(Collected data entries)
::::::::::
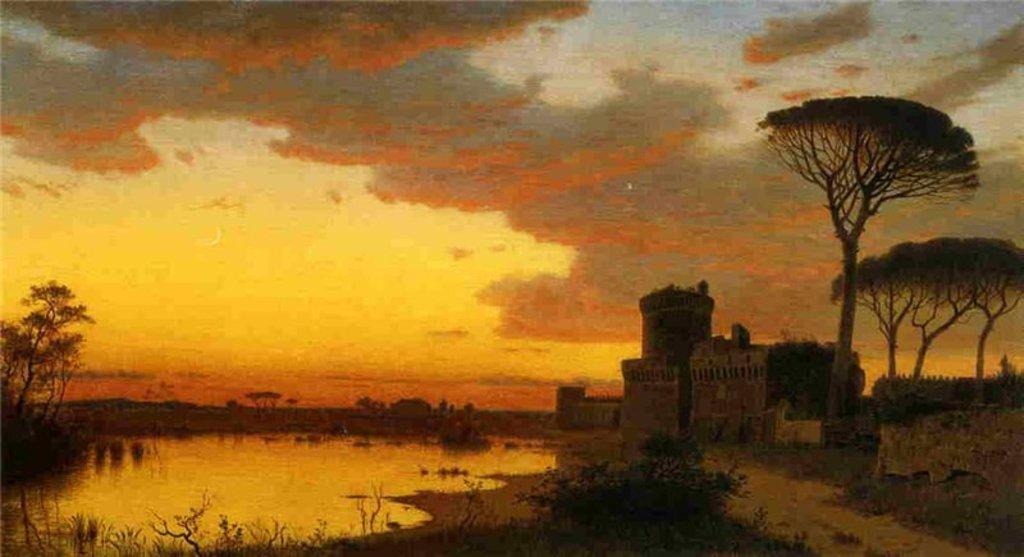Could you give a brief overview of what you see in this image? In this image we can see the house on the right side. Here we can see the trees on the left side and the right side as well. Here we can see the pond. This is a sky with clouds. 
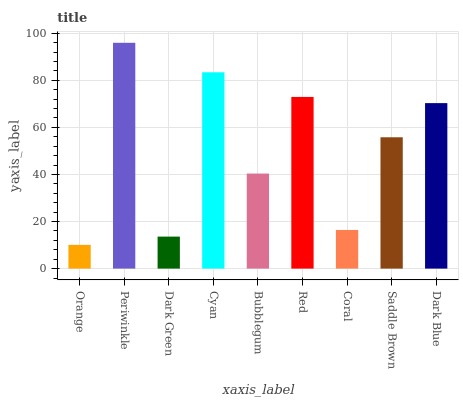Is Orange the minimum?
Answer yes or no. Yes. Is Periwinkle the maximum?
Answer yes or no. Yes. Is Dark Green the minimum?
Answer yes or no. No. Is Dark Green the maximum?
Answer yes or no. No. Is Periwinkle greater than Dark Green?
Answer yes or no. Yes. Is Dark Green less than Periwinkle?
Answer yes or no. Yes. Is Dark Green greater than Periwinkle?
Answer yes or no. No. Is Periwinkle less than Dark Green?
Answer yes or no. No. Is Saddle Brown the high median?
Answer yes or no. Yes. Is Saddle Brown the low median?
Answer yes or no. Yes. Is Bubblegum the high median?
Answer yes or no. No. Is Cyan the low median?
Answer yes or no. No.
::::::::::
### EXERCISE BRIEF:
Above are records; repeat only the lines starting at the line with "Answer yes or no. Yes. Is Dark Green less" and ending at the line with "Answer yes or no. Yes. Is Saddle", exactly as they appear, both included.

### OUTPUT:
Answer yes or no. Yes. Is Dark Green less than Periwinkle?
Answer yes or no. Yes. Is Dark Green greater than Periwinkle?
Answer yes or no. No. Is Periwinkle less than Dark Green?
Answer yes or no. No. Is Saddle Brown the high median?
Answer yes or no. Yes. Is Saddle Brown the low median?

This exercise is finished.